Nel 1883 una apposita commissione incaricata di effettuare i sopralluoghi e i rilievi tecnici individuò il sito più idoneo dove far sorgere la stazione navale nella zona costiera a sud dell’isola di La Maddalena, posta tra punta Moneta e Cala Camiciotto; un vasto territorio abbastanza riparato dal ponente, fino ad allora quasi completamente disabitato, costituito per lo più da piccoli lotti coltivati alternati ad alcuni terreni più grandi incolti. Il criterio nella scelta dell’area era in linea con le strategie di sviluppo dei moderni cantieri navali e nella localizzazione degli stabilimenti industriali marittimi dove venivano privilegiati territori più possibile pianeggianti e aree più facilmente attrezzabili, urbanizzabili e suscettibili di ulteriori ampliamenti; spesso in zone acquitrinose, facilmente acquisibili a prezzi assai contenuti, facili da scavare e da sistemare con opere di banchinamento e di imbonimento delle spiagge. Quindi il 6 marzo 1887, con il decreto Crispi, venne istituita la piazzaforte militare a La Maddalena. La Cala Camiciotto, una profonda insenatura sabbiosa, con una spiaggia formata dall’apporto pluviale di un modesto corso d’acqua temporaneo che discendeva dalle degradanti alture di nord ovest, venne attrezzata come scalo tramite la realizzazione di una grande piattaforma di cemento, con un argano a mano e grossi anelli murali sullo scivolo, per favorire l’alaggio delle imbarcazioni; alle estremità si trovavano due banchine con i casotti per la guardia. Lungo la banchina di levante sostavano i pontoni in legno attrezzati per il trasporto dei cavalli e soprattutto dei muli, indispensabili per spostare i pesi lungo gli impervi sentieri delle batterie. Presso Cala Camicia vennero realizzati i primi baraccamenti provvisori che ospitavano i condannati ai lavori forzati impiegati nella costruzione della base militare. Nel 1895, per eseguire i lavori necessari alla creazione e al mantenimento delle strutture militari e della base navale, viene istituito l’Arsenale della Marina Militare. Anche se questo stabilimento non rivestiva la stessa importanza di altri arsenali come quello di Taranto o di La Spezia, il cantiere doveva provvedere a molteplici e diversificati interventi, dalla manutenzione, riparazione e assistenza delle navi, dei macchinari, delle armi, degli edifici e di tutte le strutture militari dell’arcipelago, al controllo e all’intervento su tutti i semafori marittimi della Sardegna.
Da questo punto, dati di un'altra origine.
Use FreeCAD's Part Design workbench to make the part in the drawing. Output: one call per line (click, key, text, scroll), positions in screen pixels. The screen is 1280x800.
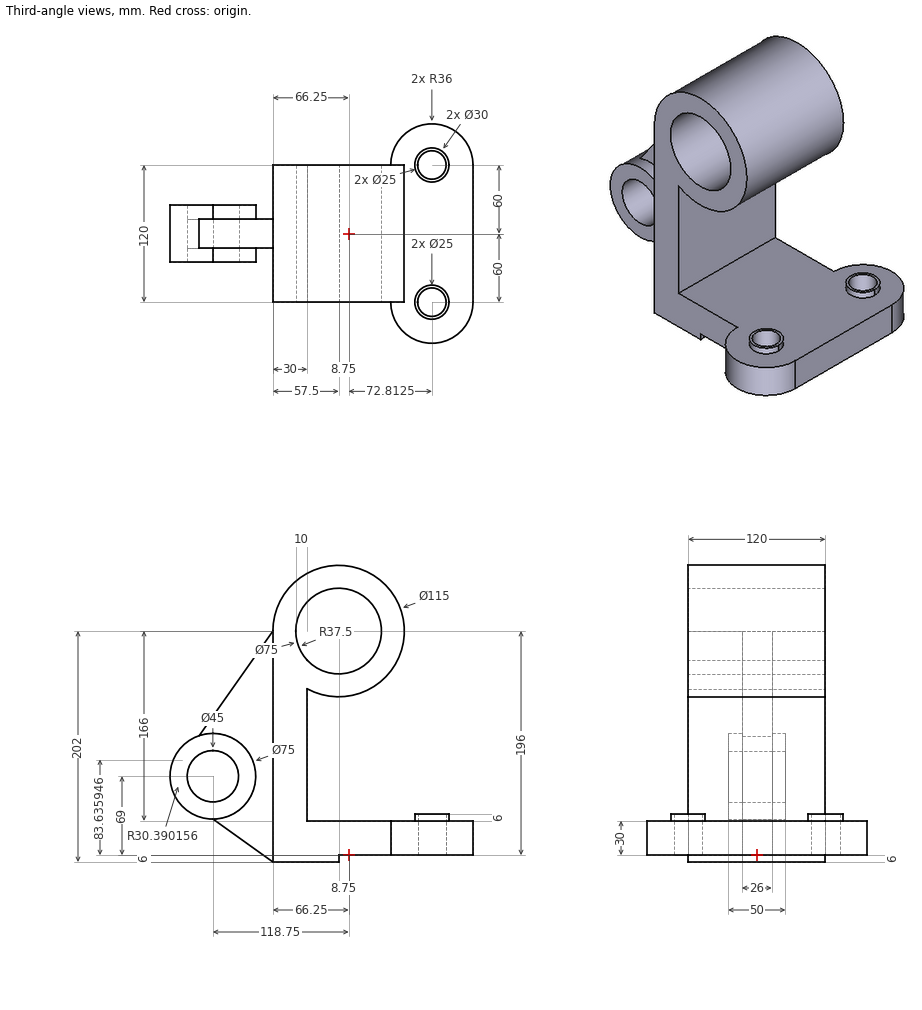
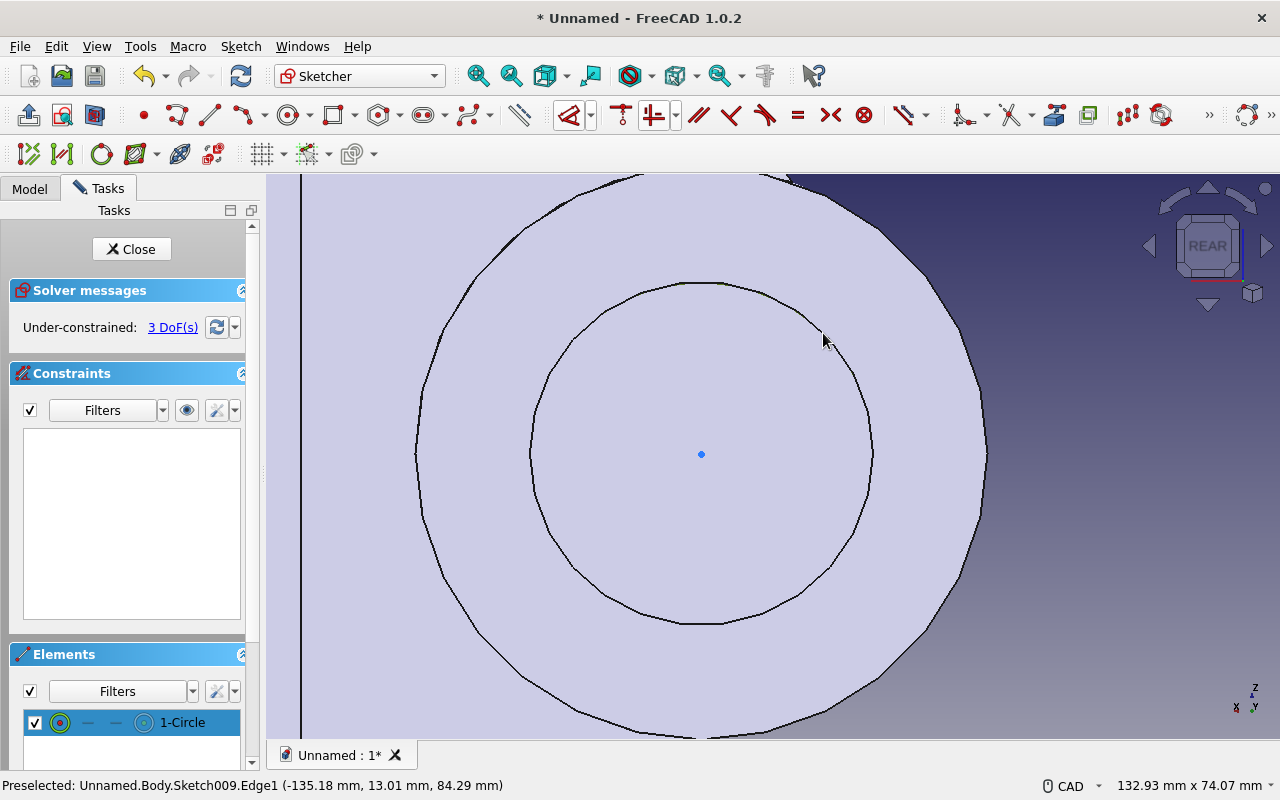
key(k)
key(o)

(Aree espropriate per il Genio Militare a Moneta)
Con il ristabilimento della piazzaforte militare si registrò un notevole ampliamento urbanistico e uno sviluppo generale esteso per circa sei volte l’area urbana di La Maddalena.
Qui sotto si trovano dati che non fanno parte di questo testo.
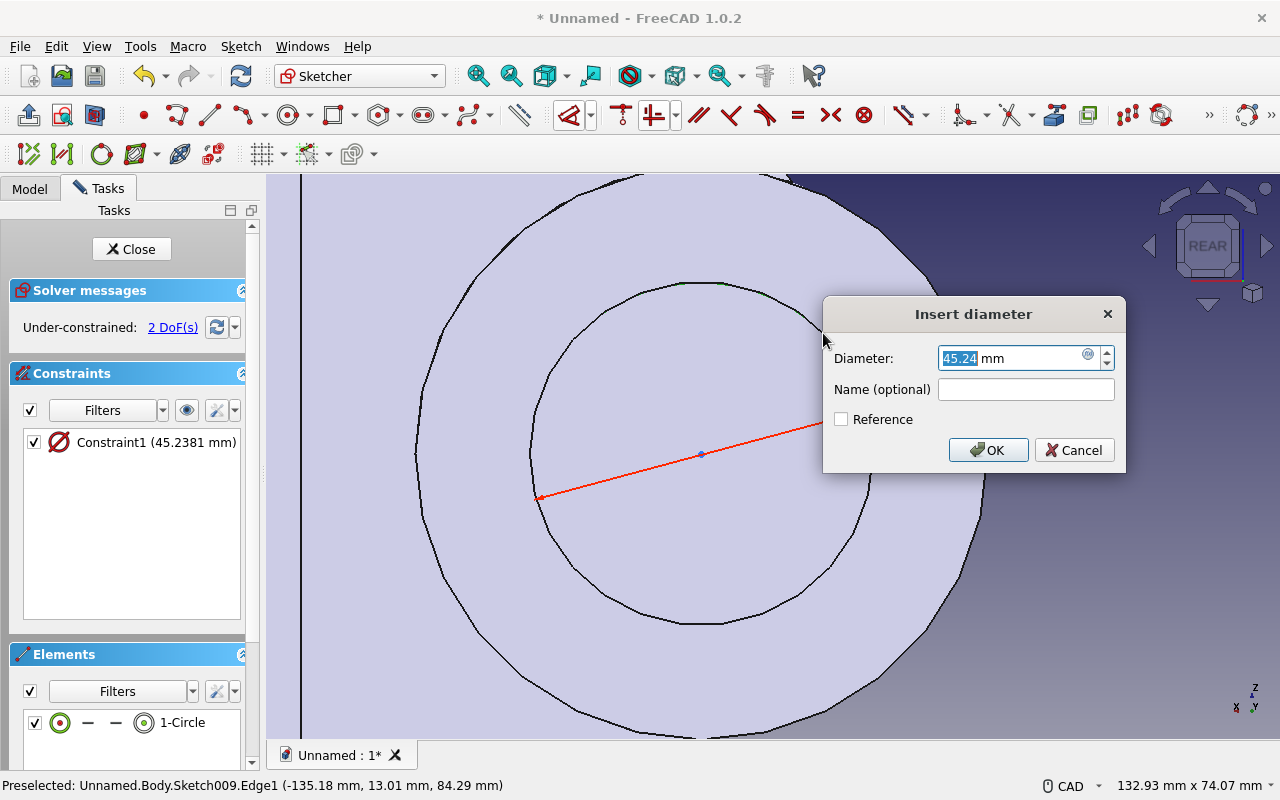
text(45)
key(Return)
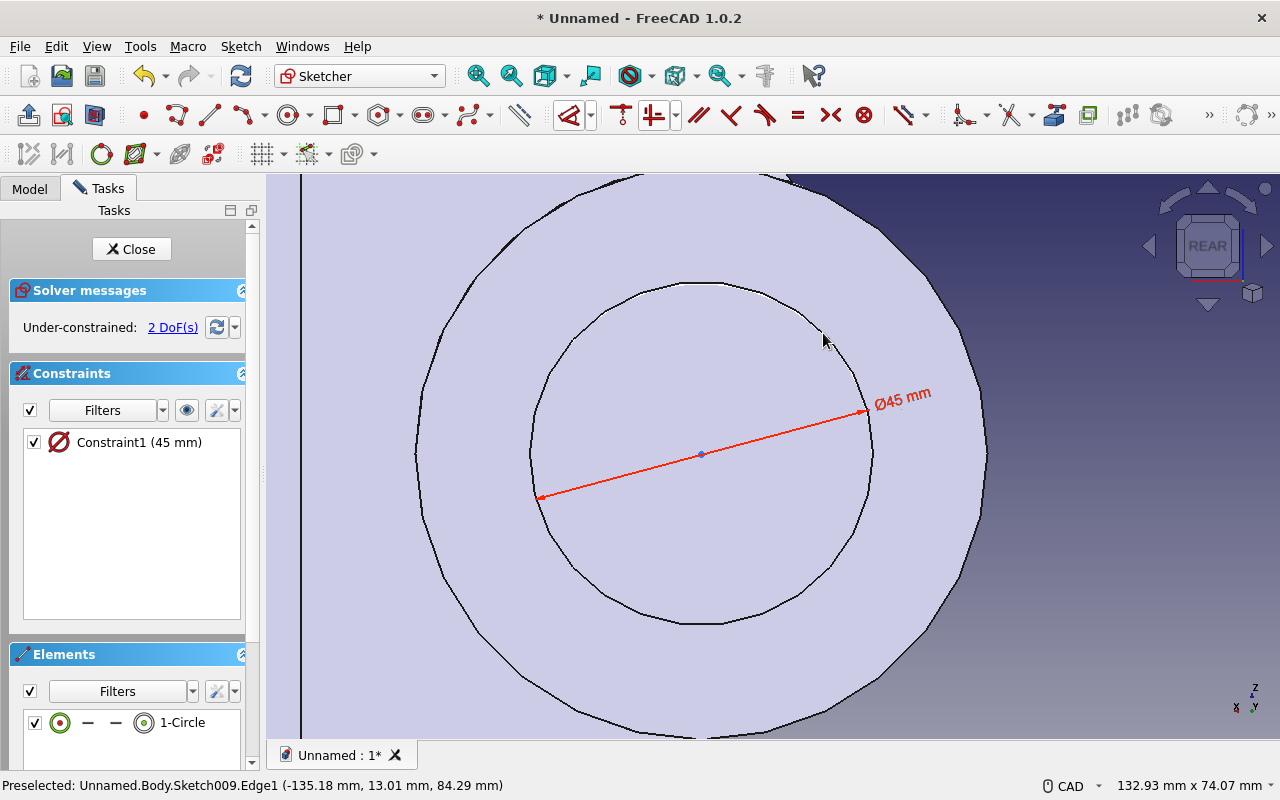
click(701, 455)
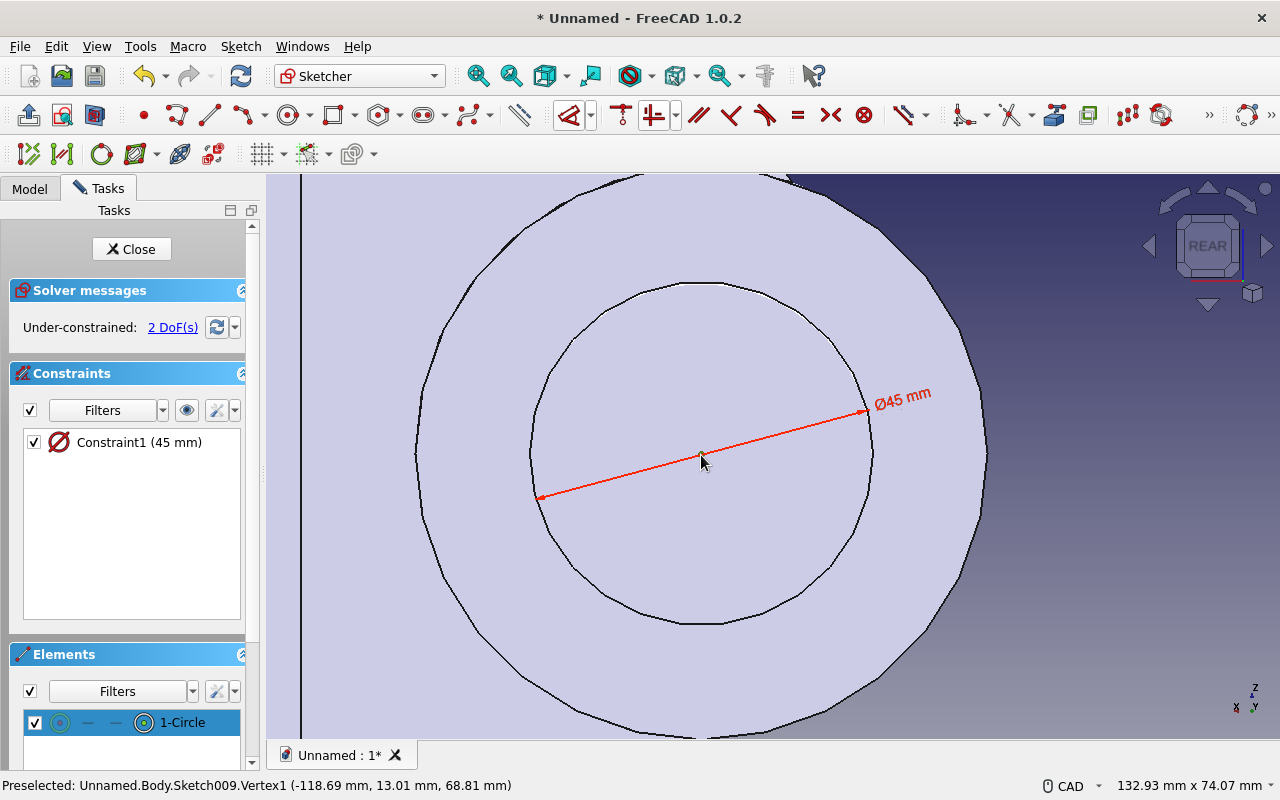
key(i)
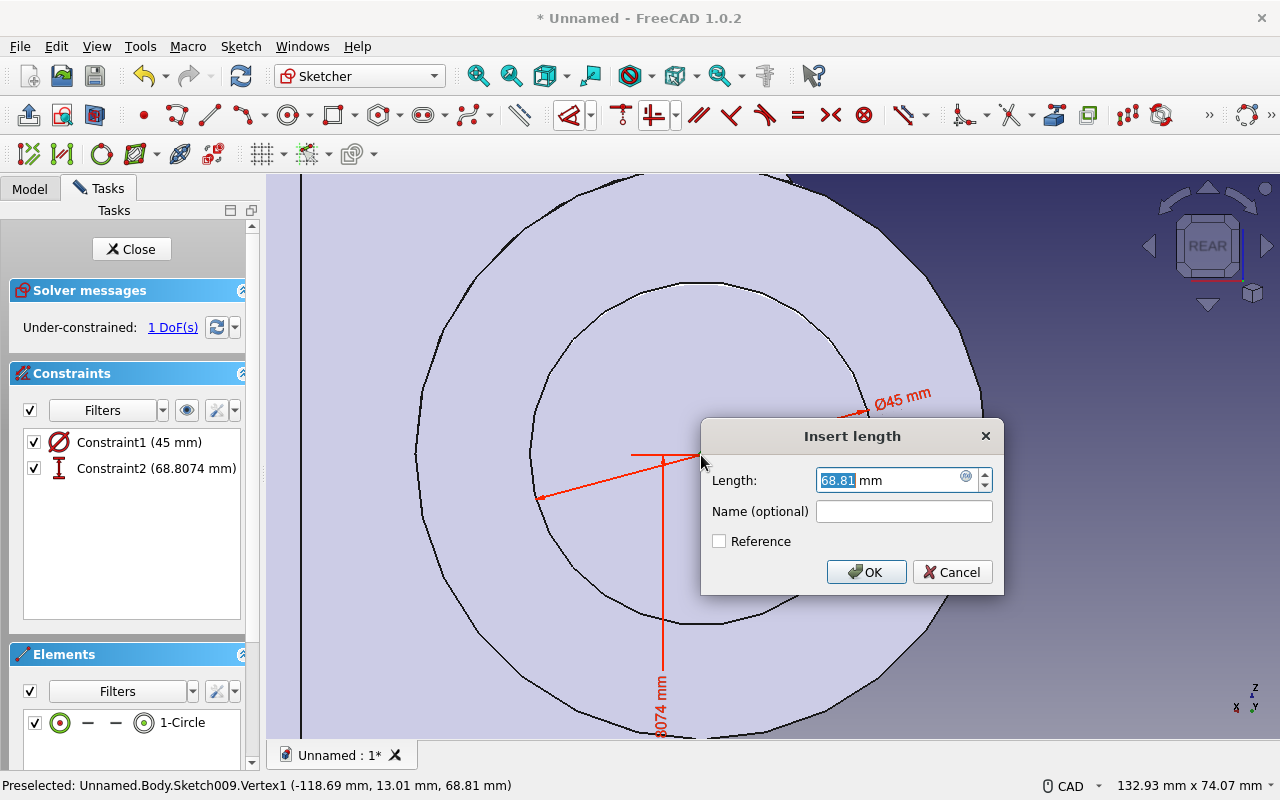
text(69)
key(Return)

Il tessuto urbano che ne derivò risultò fortemente connotato dalla giustapposizione di due diverse forme di città, con aspetti e funzioni diverse ma anche interdipendenti. Ad ovest si estendeva la città storica, borghese, mentre ad oriente si sviluppava la nuova città dei militari con una superficie poco più che doppia; una città indipendente non sovrapposta ma affiancata a quella borghese preesistente.
Dalla piazza Umberto I, elegantemente definita da una serie di palazzine militari e dal palazzetto del Comando Marina, fino a Cala Chiesa, si estendeva un ampio territorio occupato da edifici militari, che culminava nei propilei di ingresso, gli edifici del corpo di guardia. Oltrepassata una sbarra, presso la quale era obbligatorio farsi riconoscere, e superate le due ‘casette’ del Corpo Reale Equipaggi, si accedeva alla città militare vera e propria, cinta da mura, che si sviluppava fino all’estremità della Punta Moneta. In altre piazzeforti militari marittime come La Spezia e Taranto, dove l’area borghese era collegata a un hinterland, questo fenomeno di stretta interdipendenza dalla città militare era meno sentito. A La Maddalena il carattere di insularità del territorio ha determinato un innesto particolarmente stretto e subordinato tra i due centri, per cui l’equilibrio economico della città borghese ha risentito fortemente delle alterne fasi di sviluppo o di decadenza della città militare.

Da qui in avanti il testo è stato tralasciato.